Look below for the line that has "s,c = split(readline())"; output exactly from it through the line that has "<formula> <loc_0><loc_0><loc_500><loc_500>[ \Theta", and leave the pictures out.

» **Extracted records**:
=-=-=-=-=
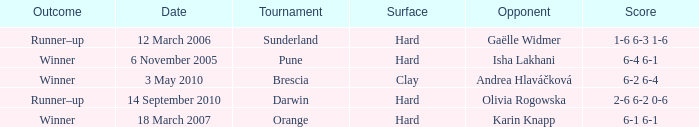What kind of surface was the Tournament at Sunderland played on? Hard. 
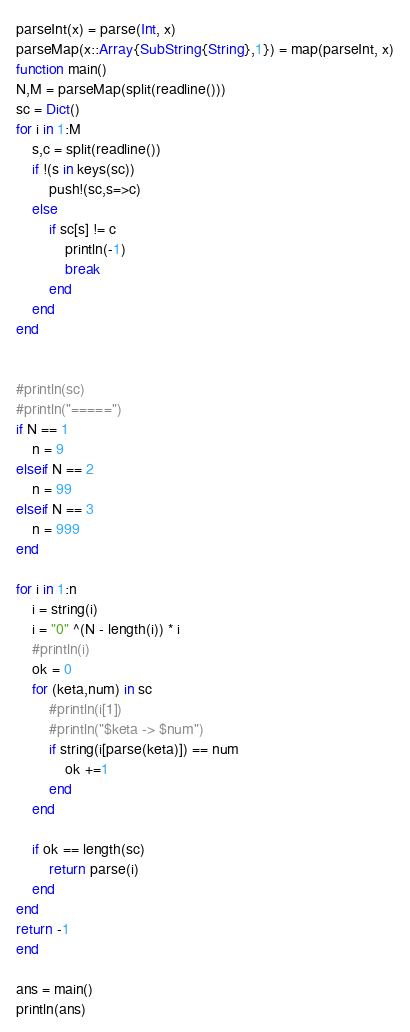Convert code to text. <code><loc_0><loc_0><loc_500><loc_500><_Julia_>parseInt(x) = parse(Int, x)
parseMap(x::Array{SubString{String},1}) = map(parseInt, x)
function main()
N,M = parseMap(split(readline()))
sc = Dict()
for i in 1:M
    s,c = split(readline())
    if !(s in keys(sc))
        push!(sc,s=>c)
    else
        if sc[s] != c
            println(-1)
            break
        end
    end
end


#println(sc)
#println("=====")
if N == 1
    n = 9
elseif N == 2
    n = 99
elseif N == 3
    n = 999
end

for i in 1:n
    i = string(i)
    i = "0" ^(N - length(i)) * i
    #println(i)
    ok = 0
    for (keta,num) in sc
        #println(i[1])
        #println("$keta -> $num")
        if string(i[parse(keta)]) == num
            ok +=1
        end
    end

    if ok == length(sc)
        return parse(i)
    end
end             
return -1   
end

ans = main()
println(ans)</code> 
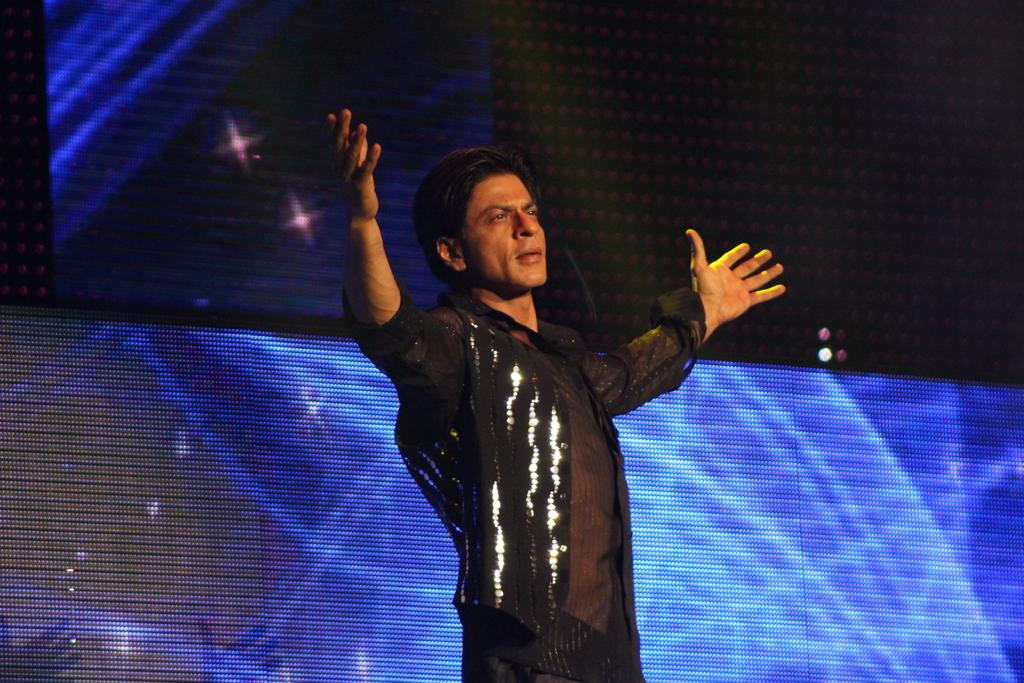Who is the main subject in the image? The main subject in the image is Shahrukh Khan. What is Shahrukh Khan doing in the image? Shahrukh Khan is performing an action in the image. What can be seen behind Shahrukh Khan in the image? There is an LED screen behind Shahrukh Khan. What type of butter is being used to create the winter scene on the moon in the image? There is no butter, winter scene, or moon present in the image; it features Shahrukh Khan performing an action with an LED screen behind him. 
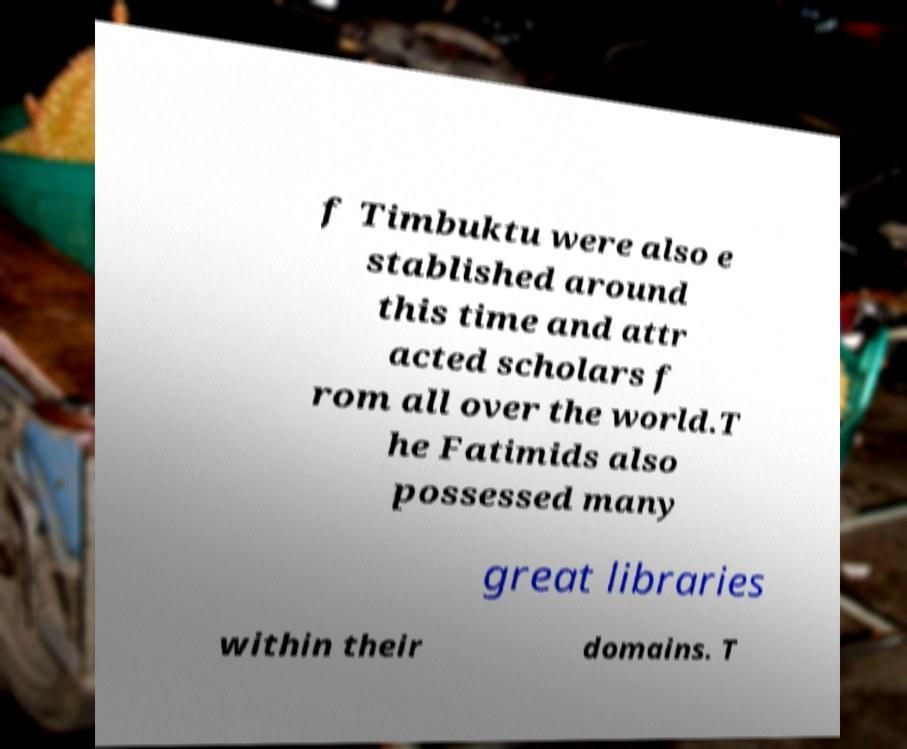Could you assist in decoding the text presented in this image and type it out clearly? f Timbuktu were also e stablished around this time and attr acted scholars f rom all over the world.T he Fatimids also possessed many great libraries within their domains. T 
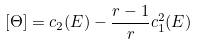<formula> <loc_0><loc_0><loc_500><loc_500>[ \Theta ] = c _ { 2 } ( E ) - \frac { r - 1 } { r } c _ { 1 } ^ { 2 } ( E )</formula> 
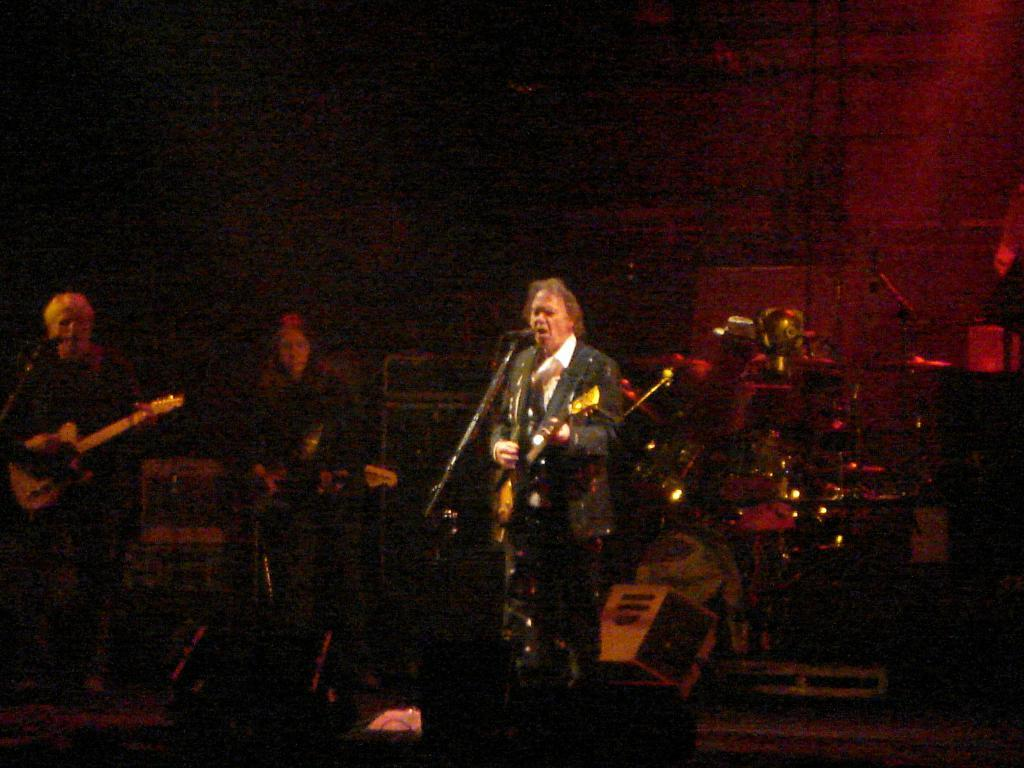How many people are in the image? There are people in the image, but the exact number is not specified. What are the people doing in the image? The people are standing and holding a guitar in their hands. What other musical instruments can be seen in the image? There are drums in the background of the image. What object might be used for amplifying sound in the image? There is a speaker in the background of the image. What type of powder can be seen falling from the guitar in the image? There is no powder falling from the guitar in the image. What scent is associated with the people in the image? There is no information about the scent of the people or the image. 
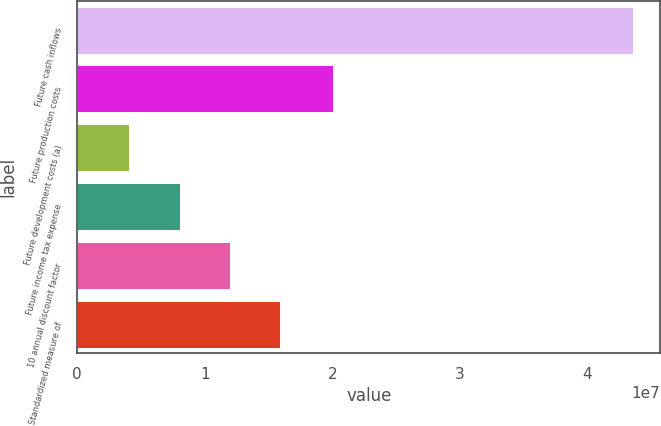Convert chart to OTSL. <chart><loc_0><loc_0><loc_500><loc_500><bar_chart><fcel>Future cash inflows<fcel>Future production costs<fcel>Future development costs (a)<fcel>Future income tax expense<fcel>10 annual discount factor<fcel>Standardized measure of<nl><fcel>4.3542e+07<fcel>2.00441e+07<fcel>4.1018e+06<fcel>8.04582e+06<fcel>1.19898e+07<fcel>1.59339e+07<nl></chart> 
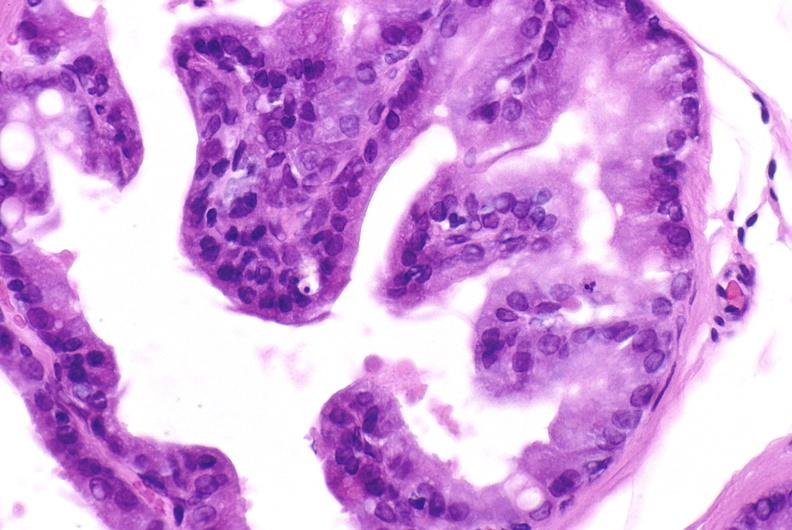when does this image show apoptosis in prostate?
Answer the question using a single word or phrase. After orchiectomy 
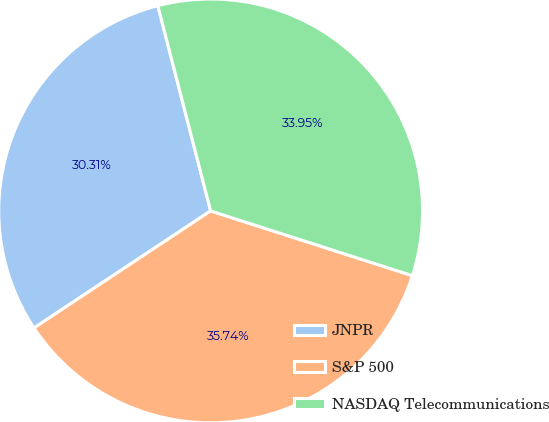Convert chart. <chart><loc_0><loc_0><loc_500><loc_500><pie_chart><fcel>JNPR<fcel>S&P 500<fcel>NASDAQ Telecommunications<nl><fcel>30.31%<fcel>35.74%<fcel>33.95%<nl></chart>
=-=-=-=-=
» **Expected output**:
    s,c = split(readline())
    if !(s in keys(sc))
        push!(sc,s=>c)
    else
        if sc[s] != c
            println(-1)
            break
        end
    end
end


#println(sc)
#println("=====")
if N == 1
    n = 9
elseif N == 2
    n = 99
elseif N == 3
    n = 999
end

for i in 1:n
    i = string(i)
    i = "0" ^(N - length(i)) * i
    #println(i)
    ok = 0
    for (keta,num) in sc
        #println(i[1])
        #println("$keta -> $num")
        if string(i[parse(keta)]) == num
            ok +=1
        end
    end

    if ok == length(sc)
        return parse(i)
    end
end             
return -1   
end

ans = main()
println(ans)</code> 
Who is the main subject in the image? The main subject in the image is Shahrukh Khan. What is Shahrukh Khan doing in the image? Shahrukh Khan is performing an action in the image. What can be seen behind Shahrukh Khan in the image? There is an LED screen behind Shahrukh Khan. What type of butter is being used to create the winter scene on the moon in the image? There is no butter, winter scene, or moon present in the image; it features Shahrukh Khan performing an action with an LED screen behind him. 
Could you assist in decoding the text presented in this image and type it out clearly? f Timbuktu were also e stablished around this time and attr acted scholars f rom all over the world.T he Fatimids also possessed many great libraries within their domains. T 
<formula> <loc_0><loc_0><loc_500><loc_500>[ \Theta ] = c _ { 2 } ( E ) - \frac { r - 1 } { r } c _ { 1 } ^ { 2 } ( E )</formula> 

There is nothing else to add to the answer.